The first two episodes of Top of the Lake left a lot to be desired with Matt Mitcham, who transformed into an exponentially more complex character in episode three with all he was up to and hiding. The assumption that he was bad business only because Tui disappeared is distant in our rearview mirrors.
First, we’re either led to believe or jump to the conclusion that this sliver of light coming from underneath Mitcham’s shower is some kind of Bates Motel—like basement cellar where Mitcham is hiding his daughter Tui, but in retrospect I’m not really sure why we’d be so naive to believe a) he has her and b) is hiding her in the basement. Then again, I didn’t see a meth lab coming either.
That’s Mitcham’s shady business. He has guys who look like they’re in a biker gang bringing bags of product into his A-frame and down into the lab and in episode three his two minions (as we’ll call them) are exposed to an especially potent variety. Now, the friendly police detective looks a little bit more controversial, leaving me to wonder if he knows, and is profiting, from this lab. It’s early to jump to that place, though.
Second, Mitcham needs a Viagra. This is surprising, I suppose, as he reveals it to the only woman from Paradise who agreed to go on a date with him — though he says it’s simply an apology dinner. Why exactly did she agree to it, in the first place? They end up having a supposedly nice meal at some random diner, before returning to the A-frame to cuddle.
The next morning they take ecstasy. Of course, they take ecstasy!
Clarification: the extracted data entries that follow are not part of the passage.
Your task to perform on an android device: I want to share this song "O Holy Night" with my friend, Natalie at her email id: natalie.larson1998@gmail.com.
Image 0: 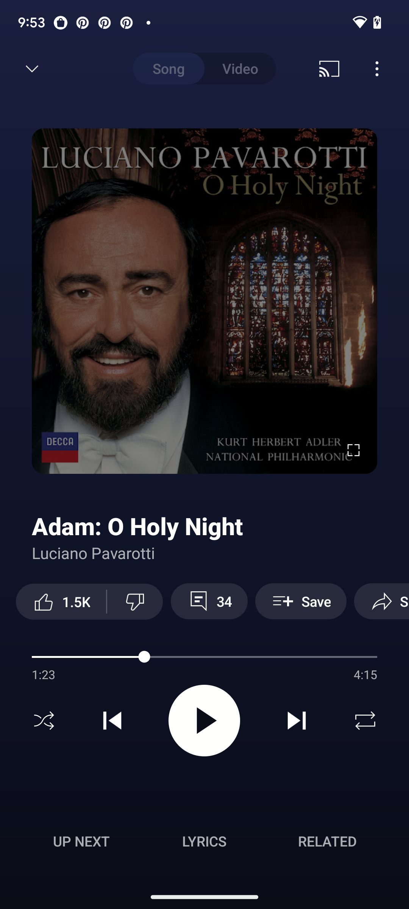
Click on the three dots.
Step 0: click (381, 69)
Image 1: 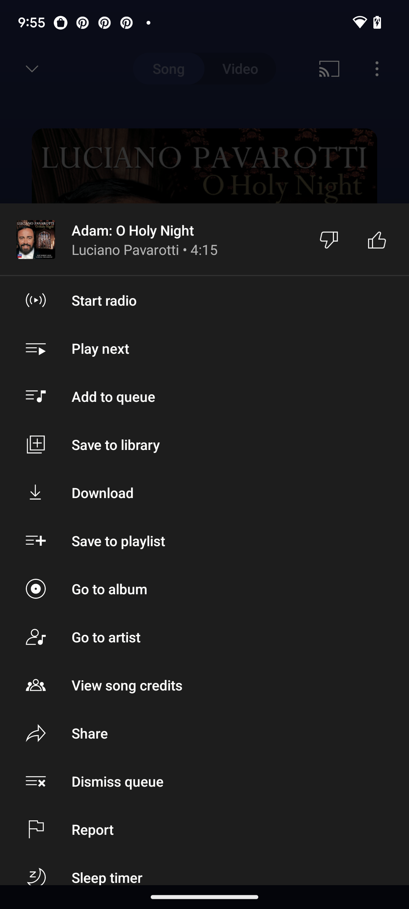
Click on the share button.
Step 1: click (204, 733)
Image 3: 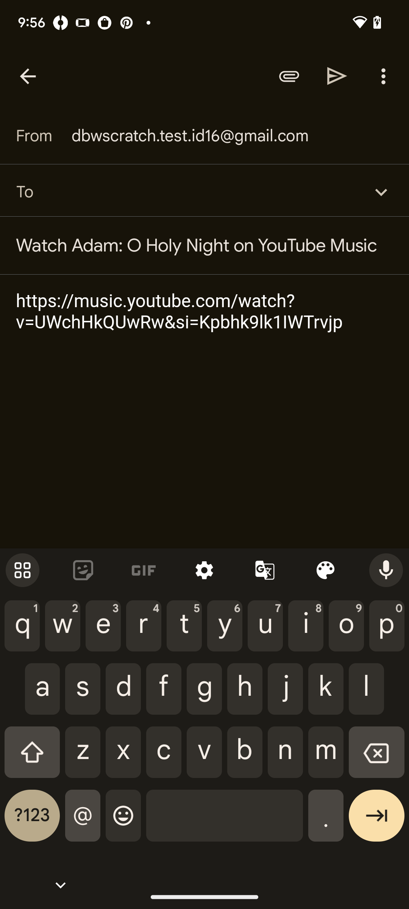
Enter the email id : natalie.larson1998@gmail.com
Step 3: type "natalie.larson1998@gmail.com"
Image 4: 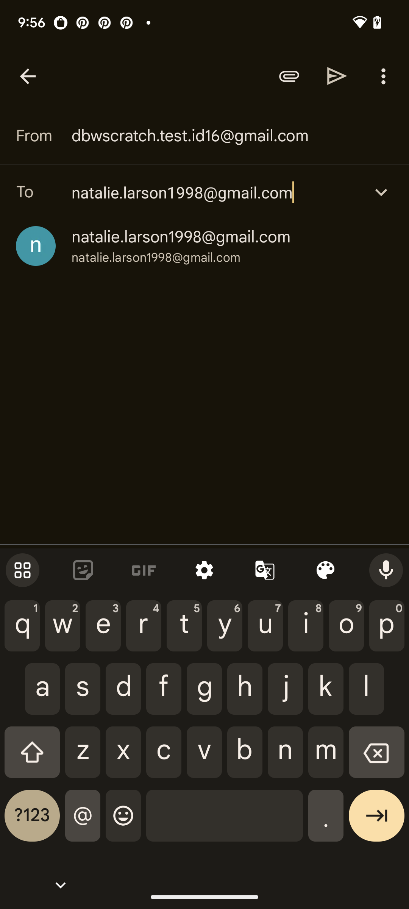
Click on the first option.
Step 4: click (181, 237)
Image 5: 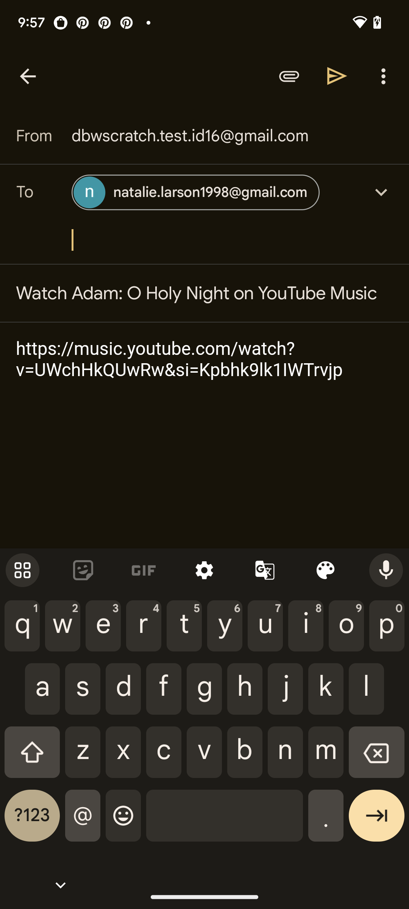
Click on the send button.
Step 5: click (337, 76)

They end up crawling around in Narnia, aroused by the moss on the trees and the soft grass in the fields. (So that’s what it’s like to do that stuff?) Randomly, Mitcham stumbles near the gravesite of his mother and we get to know all about his insane momma drama. I mean, come on, he leaves a thick belt draped over her headstone so when he visits he can whip himself for failing her. I don’t blame his dad for being a little freaked out watching that — it made me a little uncomfortable, too. I also thought he was about the kill the woman when she stepped on the grave.
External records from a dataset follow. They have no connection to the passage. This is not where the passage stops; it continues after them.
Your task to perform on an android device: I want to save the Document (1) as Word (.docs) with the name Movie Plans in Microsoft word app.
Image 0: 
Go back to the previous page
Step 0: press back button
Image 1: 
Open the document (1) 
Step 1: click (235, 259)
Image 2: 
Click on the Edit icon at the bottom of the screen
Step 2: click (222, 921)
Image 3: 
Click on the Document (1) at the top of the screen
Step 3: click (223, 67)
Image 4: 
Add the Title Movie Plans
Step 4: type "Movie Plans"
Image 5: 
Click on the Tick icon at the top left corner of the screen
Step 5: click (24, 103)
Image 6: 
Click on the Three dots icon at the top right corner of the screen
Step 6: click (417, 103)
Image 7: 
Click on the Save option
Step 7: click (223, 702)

At the beginning of the episode, I just thought, boy Robin is really getting under his skin because he’s trying to tell the police what to do — anything that will push them further away from his land. But now — now, he has some serious issues. I’m not rooting for him to, like, find peace, I just think he’s crazy. Is that weird?
I think it’s important to point out that we also now know where the background from each episode’s end credits come from — the wall where Robin is living.
There is a lot going on with Robin in this episode, too. It was pretty packed full of craziness, episode three. First, she has now entered into a beneficial relationship with her neighbor pal Johnno, which makes her a self-destructive individual because she doesn’t think she deserves her fiance Steve, who calls her and just wants her to come home. She talks all about how they’ve been engaged for five years, but she’s the one extending it — not Steve. She’s also understandably stressed, after he mom admits to her that she’s done fighting the cancer since it came back.
Also, Robin now has video footage of Tui and her cell phone, leading me to believe that she’ll finally see this “R u ok?” text from random blonde boy in the back of the bus. We’ll see; however, Robin is really starting to feel something for Tui, seeing how promising a young girl she is (i.e. she sings well). As if Robin needed any more motivation to find Tui, she’s got it.
She also has an idea of what’s going on, but for all of us that’s going to have to wait until the next episode. It has something to do with “No one.”